Your answer must be an exact copy of the data, without any pictures.

Dataset records:
--------------------------------
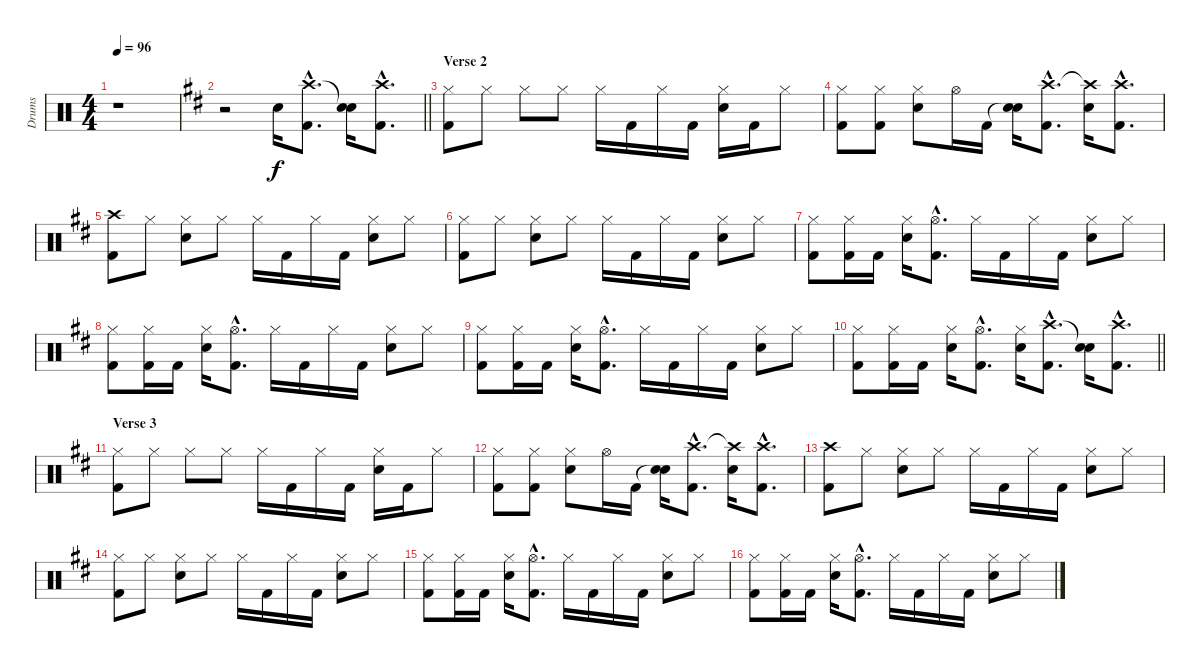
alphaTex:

\track ("Drums" "Drums") {instrument percussion}
\staff {score}
\articulation defaults
\ts (4 4)
\tempo 96
\clef neutral
\ks c
r.1{dy f} |
\barLineRight lightlight
\ks d
r.2 "Electric Snare (hit)".16 ("Crash high (hit)"{hac} "Kick (hit) 2"{hac}).8{d} ("Snare (hit)"{t} "Electric Snare (hit)").16 ("Crash high (hit)"{hac} "Kick (hit) 2"{hac}).8{d} |
\section ("" "Verse 2")
("Hi-Hat (closed)" "Kick (hit) 2").8 "Hi-Hat (closed)".8 "Hi-Hat (closed)".8 "Hi-Hat (closed)".8 "Hi-Hat (closed)".16 "Kick (hit) 2".16 "Hi-Hat (closed)".16 "Kick (hit) 2".16 ("Hi-Hat (closed)" "Electric Snare (hit)").16 "Kick (hit) 2".16 "Hi-Hat (closed)".8 |
("Hi-Hat (closed)" "Kick (hit) 2").8 ("Hi-Hat (closed)" "Kick (hit) 2").8 ("Hi-Hat (closed)" "Electric Snare (hit)").8 "Hi-Hat (open)".16 "Kick (hit) 2".16 ("Snare (hit)"{t} "Electric Snare (hit)").16 ("Crash high (hit)"{hac} "Kick (hit) 2"{hac}).8{d} ("Crash high (hit)"{t} "Electric Snare (hit)").16 ("Crash high (hit)"{hac} "Kick (hit) 2"{hac}).8{d} |
("Crash high (hit)" "Kick (hit) 2").8 "Hi-Hat (closed)".8 ("Hi-Hat (closed)" "Electric Snare (hit)").8 "Hi-Hat (closed)".8 "Hi-Hat (closed)".16 "Kick (hit) 2".16 "Hi-Hat (closed)".16 "Kick (hit) 2".16 ("Hi-Hat (closed)" "Electric Snare (hit)").8 "Hi-Hat (closed)".8 |
("Hi-Hat (closed)" "Kick (hit) 2").8 "Hi-Hat (closed)".8 ("Hi-Hat (closed)" "Electric Snare (hit)").8 "Hi-Hat (closed)".8 "Hi-Hat (closed)".16 "Kick (hit) 2".16 "Hi-Hat (closed)".16 "Kick (hit) 2".16 ("Hi-Hat (closed)" "Electric Snare (hit)").8 "Hi-Hat (closed)".8 |
("Hi-Hat (closed)" "Kick (hit) 2").8 ("Hi-Hat (closed)" "Kick (hit) 2").16 "Kick (hit) 2".16 ("Hi-Hat (closed)" "Electric Snare (hit)").16 ("Hi-Hat (open)"{hac} "Kick (hit) 2"{hac}).8{d} "Hi-Hat (closed)".16 "Kick (hit) 2".16 "Hi-Hat (closed)".16 "Kick (hit) 2".16 ("Hi-Hat (closed)" "Electric Snare (hit)").8 "Hi-Hat (closed)".8 |
("Hi-Hat (closed)" "Kick (hit) 2").8 ("Hi-Hat (closed)" "Kick (hit) 2").16 "Kick (hit) 2".16 ("Hi-Hat (closed)" "Electric Snare (hit)").16 ("Hi-Hat (open)"{hac} "Kick (hit) 2"{hac}).8{d} "Hi-Hat (closed)".16 "Kick (hit) 2".16 "Hi-Hat (closed)".16 "Kick (hit) 2".16 ("Hi-Hat (closed)" "Electric Snare (hit)").8 "Hi-Hat (closed)".8 |
("Hi-Hat (closed)" "Kick (hit) 2").8 ("Hi-Hat (closed)" "Kick (hit) 2").16 "Kick (hit) 2".16 ("Hi-Hat (closed)" "Electric Snare (hit)").16 ("Hi-Hat (open)"{hac} "Kick (hit) 2"{hac}).8{d} "Hi-Hat (closed)".16 "Kick (hit) 2".16 "Hi-Hat (closed)".16 "Kick (hit) 2".16 ("Hi-Hat (closed)" "Electric Snare (hit)").8 "Hi-Hat (closed)".8 |
\barLineRight lightlight
("Hi-Hat (closed)" "Kick (hit) 2").8 ("Hi-Hat (closed)" "Kick (hit) 2").16 "Kick (hit) 2".16 ("Hi-Hat (closed)" "Electric Snare (hit)").16 ("Hi-Hat (open)"{hac} "Kick (hit) 2"{hac}).8{d} ("Hi-Hat (closed)" "Electric Snare (hit)").16 ("Crash high (hit)"{hac} "Kick (hit) 2"{hac}).8{d} ("Snare (hit)"{t} "Electric Snare (hit)").16 ("Crash high (hit)"{hac} "Kick (hit) 2"{hac}).8{d} |
\section ("" "Verse 3")
("Hi-Hat (closed)" "Kick (hit) 2").8 "Hi-Hat (closed)".8 "Hi-Hat (closed)".8 "Hi-Hat (closed)".8 "Hi-Hat (closed)".16 "Kick (hit) 2".16 "Hi-Hat (closed)".16 "Kick (hit) 2".16 ("Hi-Hat (closed)" "Electric Snare (hit)").16 "Kick (hit) 2".16 "Hi-Hat (closed)".8 |
("Hi-Hat (closed)" "Kick (hit) 2").8 ("Hi-Hat (closed)" "Kick (hit) 2").8 ("Hi-Hat (closed)" "Electric Snare (hit)").8 "Hi-Hat (open)".16 "Kick (hit) 2".16 ("Snare (hit)"{t} "Electric Snare (hit)").16 ("Crash high (hit)"{hac} "Kick (hit) 2"{hac}).8{d} ("Crash high (hit)"{t} "Electric Snare (hit)").16 ("Crash high (hit)"{hac} "Kick (hit) 2"{hac}).8{d} |
("Crash high (hit)" "Kick (hit) 2").8 "Hi-Hat (closed)".8 ("Hi-Hat (closed)" "Electric Snare (hit)").8 "Hi-Hat (closed)".8 "Hi-Hat (closed)".16 "Kick (hit) 2".16 "Hi-Hat (closed)".16 "Kick (hit) 2".16 ("Hi-Hat (closed)" "Electric Snare (hit)").8 "Hi-Hat (closed)".8 |
("Hi-Hat (closed)" "Kick (hit) 2").8 "Hi-Hat (closed)".8 ("Hi-Hat (closed)" "Electric Snare (hit)").8 "Hi-Hat (closed)".8 "Hi-Hat (closed)".16 "Kick (hit) 2".16 "Hi-Hat (closed)".16 "Kick (hit) 2".16 ("Hi-Hat (closed)" "Electric Snare (hit)").8 "Hi-Hat (closed)".8 |
("Hi-Hat (closed)" "Kick (hit) 2").8 ("Hi-Hat (closed)" "Kick (hit) 2").16 "Kick (hit) 2".16 ("Hi-Hat (closed)" "Electric Snare (hit)").16 ("Hi-Hat (open)"{hac} "Kick (hit) 2"{hac}).8{d} "Hi-Hat (closed)".16 "Kick (hit) 2".16 "Hi-Hat (closed)".16 "Kick (hit) 2".16 ("Hi-Hat (closed)" "Electric Snare (hit)").8 "Hi-Hat (closed)".8 |
("Hi-Hat (closed)" "Kick (hit) 2").8 ("Hi-Hat (closed)" "Kick (hit) 2").16 "Kick (hit) 2".16 ("Hi-Hat (closed)" "Electric Snare (hit)").16 ("Hi-Hat (open)"{hac} "Kick (hit) 2"{hac}).8{d} "Hi-Hat (closed)".16 "Kick (hit) 2".16 "Hi-Hat (closed)".16 "Kick (hit) 2".16 ("Hi-Hat (closed)" "Electric Snare (hit)").8 "Hi-Hat (closed)".8
--------------------------------
▶ **SOLUTION FOR THIS EXERCISE**:
alphaTex:

\track ("Drums" "Drums") {instrument percussion}
\staff {score}
\articulation defaults
\ts (4 4)
\tempo 96
\clef neutral
\ks c
r.1{dy f} |
\barLineRight lightlight
\ks d
r.2 "Electric Snare (hit)".16 ("Crash high (hit)"{hac} "Kick (hit) 2"{hac}).8{d} ("Snare (hit)"{t} "Electric Snare (hit)").16 ("Crash high (hit)"{hac} "Kick (hit) 2"{hac}).8{d} |
\section ("" "Verse 2")
("Hi-Hat (closed)" "Kick (hit) 2").8 "Hi-Hat (closed)".8 "Hi-Hat (closed)".8 "Hi-Hat (closed)".8 "Hi-Hat (closed)".16 "Kick (hit) 2".16 "Hi-Hat (closed)".16 "Kick (hit) 2".16 ("Hi-Hat (closed)" "Electric Snare (hit)").16 "Kick (hit) 2".16 "Hi-Hat (closed)".8 |
("Hi-Hat (closed)" "Kick (hit) 2").8 ("Hi-Hat (closed)" "Kick (hit) 2").8 ("Hi-Hat (closed)" "Electric Snare (hit)").8 "Hi-Hat (open)".16 "Kick (hit) 2".16 ("Snare (hit)"{t} "Electric Snare (hit)").16 ("Crash high (hit)"{hac} "Kick (hit) 2"{hac}).8{d} ("Crash high (hit)"{t} "Electric Snare (hit)").16 ("Crash high (hit)"{hac} "Kick (hit) 2"{hac}).8{d} |
("Crash high (hit)" "Kick (hit) 2").8 "Hi-Hat (closed)".8 ("Hi-Hat (closed)" "Electric Snare (hit)").8 "Hi-Hat (closed)".8 "Hi-Hat (closed)".16 "Kick (hit) 2".16 "Hi-Hat (closed)".16 "Kick (hit) 2".16 ("Hi-Hat (closed)" "Electric Snare (hit)").8 "Hi-Hat (closed)".8 |
("Hi-Hat (closed)" "Kick (hit) 2").8 "Hi-Hat (closed)".8 ("Hi-Hat (closed)" "Electric Snare (hit)").8 "Hi-Hat (closed)".8 "Hi-Hat (closed)".16 "Kick (hit) 2".16 "Hi-Hat (closed)".16 "Kick (hit) 2".16 ("Hi-Hat (closed)" "Electric Snare (hit)").8 "Hi-Hat (closed)".8 |
("Hi-Hat (closed)" "Kick (hit) 2").8 ("Hi-Hat (closed)" "Kick (hit) 2").16 "Kick (hit) 2".16 ("Hi-Hat (closed)" "Electric Snare (hit)").16 ("Hi-Hat (open)"{hac} "Kick (hit) 2"{hac}).8{d} "Hi-Hat (closed)".16 "Kick (hit) 2".16 "Hi-Hat (closed)".16 "Kick (hit) 2".16 ("Hi-Hat (closed)" "Electric Snare (hit)").8 "Hi-Hat (closed)".8 |
("Hi-Hat (closed)" "Kick (hit) 2").8 ("Hi-Hat (closed)" "Kick (hit) 2").16 "Kick (hit) 2".16 ("Hi-Hat (closed)" "Electric Snare (hit)").16 ("Hi-Hat (open)"{hac} "Kick (hit) 2"{hac}).8{d} "Hi-Hat (closed)".16 "Kick (hit) 2".16 "Hi-Hat (closed)".16 "Kick (hit) 2".16 ("Hi-Hat (closed)" "Electric Snare (hit)").8 "Hi-Hat (closed)".8 |
("Hi-Hat (closed)" "Kick (hit) 2").8 ("Hi-Hat (closed)" "Kick (hit) 2").16 "Kick (hit) 2".16 ("Hi-Hat (closed)" "Electric Snare (hit)").16 ("Hi-Hat (open)"{hac} "Kick (hit) 2"{hac}).8{d} "Hi-Hat (closed)".16 "Kick (hit) 2".16 "Hi-Hat (closed)".16 "Kick (hit) 2".16 ("Hi-Hat (closed)" "Electric Snare (hit)").8 "Hi-Hat (closed)".8 |
\barLineRight lightlight
("Hi-Hat (closed)" "Kick (hit) 2").8 ("Hi-Hat (closed)" "Kick (hit) 2").16 "Kick (hit) 2".16 ("Hi-Hat (closed)" "Electric Snare (hit)").16 ("Hi-Hat (open)"{hac} "Kick (hit) 2"{hac}).8{d} ("Hi-Hat (closed)" "Electric Snare (hit)").16 ("Crash high (hit)"{hac} "Kick (hit) 2"{hac}).8{d} ("Snare (hit)"{t} "Electric Snare (hit)").16 ("Crash high (hit)"{hac} "Kick (hit) 2"{hac}).8{d} |
\section ("" "Verse 3")
("Hi-Hat (closed)" "Kick (hit) 2").8 "Hi-Hat (closed)".8 "Hi-Hat (closed)".8 "Hi-Hat (closed)".8 "Hi-Hat (closed)".16 "Kick (hit) 2".16 "Hi-Hat (closed)".16 "Kick (hit) 2".16 ("Hi-Hat (closed)" "Electric Snare (hit)").16 "Kick (hit) 2".16 "Hi-Hat (closed)".8 |
("Hi-Hat (closed)" "Kick (hit) 2").8 ("Hi-Hat (closed)" "Kick (hit) 2").8 ("Hi-Hat (closed)" "Electric Snare (hit)").8 "Hi-Hat (open)".16 "Kick (hit) 2".16 ("Snare (hit)"{t} "Electric Snare (hit)").16 ("Crash high (hit)"{hac} "Kick (hit) 2"{hac}).8{d} ("Crash high (hit)"{t} "Electric Snare (hit)").16 ("Crash high (hit)"{hac} "Kick (hit) 2"{hac}).8{d} |
("Crash high (hit)" "Kick (hit) 2").8 "Hi-Hat (closed)".8 ("Hi-Hat (closed)" "Electric Snare (hit)").8 "Hi-Hat (closed)".8 "Hi-Hat (closed)".16 "Kick (hit) 2".16 "Hi-Hat (closed)".16 "Kick (hit) 2".16 ("Hi-Hat (closed)" "Electric Snare (hit)").8 "Hi-Hat (closed)".8 |
("Hi-Hat (closed)" "Kick (hit) 2").8 "Hi-Hat (closed)".8 ("Hi-Hat (closed)" "Electric Snare (hit)").8 "Hi-Hat (closed)".8 "Hi-Hat (closed)".16 "Kick (hit) 2".16 "Hi-Hat (closed)".16 "Kick (hit) 2".16 ("Hi-Hat (closed)" "Electric Snare (hit)").8 "Hi-Hat (closed)".8 |
("Hi-Hat (closed)" "Kick (hit) 2").8 ("Hi-Hat (closed)" "Kick (hit) 2").16 "Kick (hit) 2".16 ("Hi-Hat (closed)" "Electric Snare (hit)").16 ("Hi-Hat (open)"{hac} "Kick (hit) 2"{hac}).8{d} "Hi-Hat (closed)".16 "Kick (hit) 2".16 "Hi-Hat (closed)".16 "Kick (hit) 2".16 ("Hi-Hat (closed)" "Electric Snare (hit)").8 "Hi-Hat (closed)".8 |
("Hi-Hat (closed)" "Kick (hit) 2").8 ("Hi-Hat (closed)" "Kick (hit) 2").16 "Kick (hit) 2".16 ("Hi-Hat (closed)" "Electric Snare (hit)").16 ("Hi-Hat (open)"{hac} "Kick (hit) 2"{hac}).8{d} "Hi-Hat (closed)".16 "Kick (hit) 2".16 "Hi-Hat (closed)".16 "Kick (hit) 2".16 ("Hi-Hat (closed)" "Electric Snare (hit)").8 "Hi-Hat (closed)".8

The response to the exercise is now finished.